In respect of the right to
give permission, evidence was given that it was necessary for non-Yawuru people
to seek permission to
go to Yawuru country so that, inter alia, they can be
informed of the places where they were not to go. Patrick Dodson accepted
the
modern reality of freedom of movement and claimed that Yawuru people no longer
‘have the power, the authority, the ability
under the white man’s
system’ to exclude people from Yawuru country. But, he said ‘we try
to encourage those people
to respect the customs and practice of the Yawuru
people and the Yawuru country’.
- There
can be little doubt that the evidence establishes that there is a traditional
requirement for permission to be sought by strangers
to access Yawuru
‘country’ and that requirement is sourced in the
Bugarrigarra. However, as a result of both colonisation and modern
realities the requirement cannot be, and is not being, enforced.
- In
Neowarra at [310] and [371]-[376], Sundberg J explained why he
rejected the State’s submission that, as the claimed right to give
permission is not being enforced, the right should no longer be recognised. As
was the case in Neowarra, I am satisfied that the evidence described at
[160]-[173] of the interim reasons establishes the existence of the right and
its
content, the source of which is the Bugarrigarra in so far as it
relates to Yawuru ‘country’.
- I
have some concern as to how a right of exclusive possession and occupation can
operate in any practical way in urban and other areas
in common use by the
general community. However, as was explained in Neowarra, the difficulty
in practical enforcement of a native title right is not a proper ground for
denying its existence. Further, as
usage is closely linked with the issue of
extinguishment I have concluded that the existence and extent of the right is to
be considered
in that context, rather than in the context of practicality.

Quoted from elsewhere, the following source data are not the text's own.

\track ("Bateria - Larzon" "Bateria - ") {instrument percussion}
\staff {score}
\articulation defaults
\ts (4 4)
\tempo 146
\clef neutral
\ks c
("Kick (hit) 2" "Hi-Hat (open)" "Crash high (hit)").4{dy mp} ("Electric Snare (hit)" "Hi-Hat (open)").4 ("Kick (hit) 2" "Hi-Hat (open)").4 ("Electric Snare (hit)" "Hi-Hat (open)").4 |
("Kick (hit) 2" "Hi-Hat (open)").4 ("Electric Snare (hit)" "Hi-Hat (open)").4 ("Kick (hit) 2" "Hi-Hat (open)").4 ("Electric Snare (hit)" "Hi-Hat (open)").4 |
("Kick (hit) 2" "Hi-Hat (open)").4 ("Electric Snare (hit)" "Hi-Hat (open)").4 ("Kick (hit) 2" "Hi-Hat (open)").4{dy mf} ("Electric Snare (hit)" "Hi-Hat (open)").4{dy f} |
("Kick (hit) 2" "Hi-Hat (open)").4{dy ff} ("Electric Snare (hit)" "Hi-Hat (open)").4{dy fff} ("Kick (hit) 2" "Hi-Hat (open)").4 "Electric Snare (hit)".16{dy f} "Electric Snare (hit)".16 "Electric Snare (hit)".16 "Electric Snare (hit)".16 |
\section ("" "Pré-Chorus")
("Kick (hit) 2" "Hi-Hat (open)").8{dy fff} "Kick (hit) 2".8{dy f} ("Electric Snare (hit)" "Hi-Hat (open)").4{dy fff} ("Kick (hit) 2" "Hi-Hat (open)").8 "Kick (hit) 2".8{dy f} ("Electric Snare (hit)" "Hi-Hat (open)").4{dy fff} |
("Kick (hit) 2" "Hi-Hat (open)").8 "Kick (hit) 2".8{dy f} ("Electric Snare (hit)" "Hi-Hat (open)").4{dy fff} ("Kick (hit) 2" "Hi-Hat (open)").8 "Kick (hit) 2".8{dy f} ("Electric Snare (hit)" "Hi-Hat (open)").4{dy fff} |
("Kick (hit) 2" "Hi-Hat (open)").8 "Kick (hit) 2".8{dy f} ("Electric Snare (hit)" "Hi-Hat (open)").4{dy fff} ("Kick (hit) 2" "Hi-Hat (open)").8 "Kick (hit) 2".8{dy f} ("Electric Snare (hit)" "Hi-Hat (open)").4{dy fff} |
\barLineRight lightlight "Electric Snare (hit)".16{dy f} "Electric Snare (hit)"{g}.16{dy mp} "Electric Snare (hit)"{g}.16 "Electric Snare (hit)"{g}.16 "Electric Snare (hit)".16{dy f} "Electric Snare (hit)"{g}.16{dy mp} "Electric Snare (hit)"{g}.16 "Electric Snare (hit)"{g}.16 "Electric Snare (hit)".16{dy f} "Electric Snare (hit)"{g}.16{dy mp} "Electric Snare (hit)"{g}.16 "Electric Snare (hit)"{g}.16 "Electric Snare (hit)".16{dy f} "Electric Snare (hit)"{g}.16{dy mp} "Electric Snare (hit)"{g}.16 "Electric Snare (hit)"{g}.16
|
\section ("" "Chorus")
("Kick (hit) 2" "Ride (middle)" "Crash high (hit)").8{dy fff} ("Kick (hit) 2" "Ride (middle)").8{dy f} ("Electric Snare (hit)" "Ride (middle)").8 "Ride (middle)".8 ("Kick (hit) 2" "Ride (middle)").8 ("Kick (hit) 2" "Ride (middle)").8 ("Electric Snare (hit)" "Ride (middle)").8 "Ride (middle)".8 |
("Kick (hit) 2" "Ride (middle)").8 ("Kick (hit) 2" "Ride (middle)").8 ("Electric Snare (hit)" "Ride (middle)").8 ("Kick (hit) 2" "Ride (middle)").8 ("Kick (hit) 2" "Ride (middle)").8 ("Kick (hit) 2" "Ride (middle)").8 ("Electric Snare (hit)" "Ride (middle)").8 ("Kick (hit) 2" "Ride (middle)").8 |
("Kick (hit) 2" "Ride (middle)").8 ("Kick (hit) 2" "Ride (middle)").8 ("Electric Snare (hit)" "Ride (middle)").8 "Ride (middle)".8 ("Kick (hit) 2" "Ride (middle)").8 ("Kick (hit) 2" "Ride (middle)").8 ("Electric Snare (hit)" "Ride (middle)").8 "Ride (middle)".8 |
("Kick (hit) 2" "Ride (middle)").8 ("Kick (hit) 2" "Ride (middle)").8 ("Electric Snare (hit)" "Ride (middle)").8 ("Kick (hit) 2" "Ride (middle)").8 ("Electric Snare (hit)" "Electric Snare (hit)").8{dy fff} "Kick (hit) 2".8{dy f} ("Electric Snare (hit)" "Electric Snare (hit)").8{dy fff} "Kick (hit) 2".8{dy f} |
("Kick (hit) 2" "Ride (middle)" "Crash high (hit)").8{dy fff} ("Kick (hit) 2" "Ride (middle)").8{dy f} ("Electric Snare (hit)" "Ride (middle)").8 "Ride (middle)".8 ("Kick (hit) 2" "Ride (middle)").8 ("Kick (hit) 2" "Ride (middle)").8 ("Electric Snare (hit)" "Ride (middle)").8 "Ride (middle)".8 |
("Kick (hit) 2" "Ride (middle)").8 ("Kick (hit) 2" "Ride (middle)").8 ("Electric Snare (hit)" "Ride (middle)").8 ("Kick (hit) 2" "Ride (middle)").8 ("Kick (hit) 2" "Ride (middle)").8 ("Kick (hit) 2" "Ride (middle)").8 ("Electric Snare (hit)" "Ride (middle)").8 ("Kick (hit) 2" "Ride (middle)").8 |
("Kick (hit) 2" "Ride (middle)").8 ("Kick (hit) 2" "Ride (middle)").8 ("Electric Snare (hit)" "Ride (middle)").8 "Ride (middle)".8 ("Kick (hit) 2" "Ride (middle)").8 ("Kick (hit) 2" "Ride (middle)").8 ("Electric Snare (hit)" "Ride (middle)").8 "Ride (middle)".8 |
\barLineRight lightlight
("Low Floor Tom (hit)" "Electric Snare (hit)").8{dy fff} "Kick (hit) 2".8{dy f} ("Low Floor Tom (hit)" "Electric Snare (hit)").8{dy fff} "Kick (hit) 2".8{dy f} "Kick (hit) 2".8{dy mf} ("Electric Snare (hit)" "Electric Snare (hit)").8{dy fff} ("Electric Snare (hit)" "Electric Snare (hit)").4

There may be some areas which have been in common usage but in respect
of which
native title may not have been extinguished. Accordingly, I propose to consider
whether an exception in respect of exclusive
possession is to be made for areas
of that kind in my decision on extinguishment.
- Subject
to the possible exception referred to above, I am satisfied that, generally, the
evidence supports the inference contended
for by the Yawuru claimants of
exclusive possession and occupation of the Yawuru claim area (excluding the
intertidal zone) where
there has been no extinguishment. However, for the
reasons given by French J in Sampi on behalf of the Bardi and Jawi
People v Western Australia [2005] FCA 777 at [1072], the right should be
limited to exclusive possession and occupation and should not extend to the
broader concepts of ‘use and
enjoyment’. I also agree with his
Honour that the right claimed to ‘speak for’ the land and to make
decisions
about its use and enjoyment by others is also subsumed in the global
right of exclusive possession and occupation.
- In
conclusion, the evidence and findings to which I have referred support a finding
of the existence of the rights claimed by the
Yawuru claimants as set out in
[111] save that the references to use and enjoyment are to be deleted. Also,
the proposed determination
of the Yawuru claimants does not state the purposes
for which the resources of the land and waters in the claim area, including the
intertidal areas, may be accessed and used: cf Sampi v Western Australia (No
3) [2005] FCA 1716. I doubt that it is contended that the purposes are
to be unlimited or are to extend to a general right of commercial exploitation.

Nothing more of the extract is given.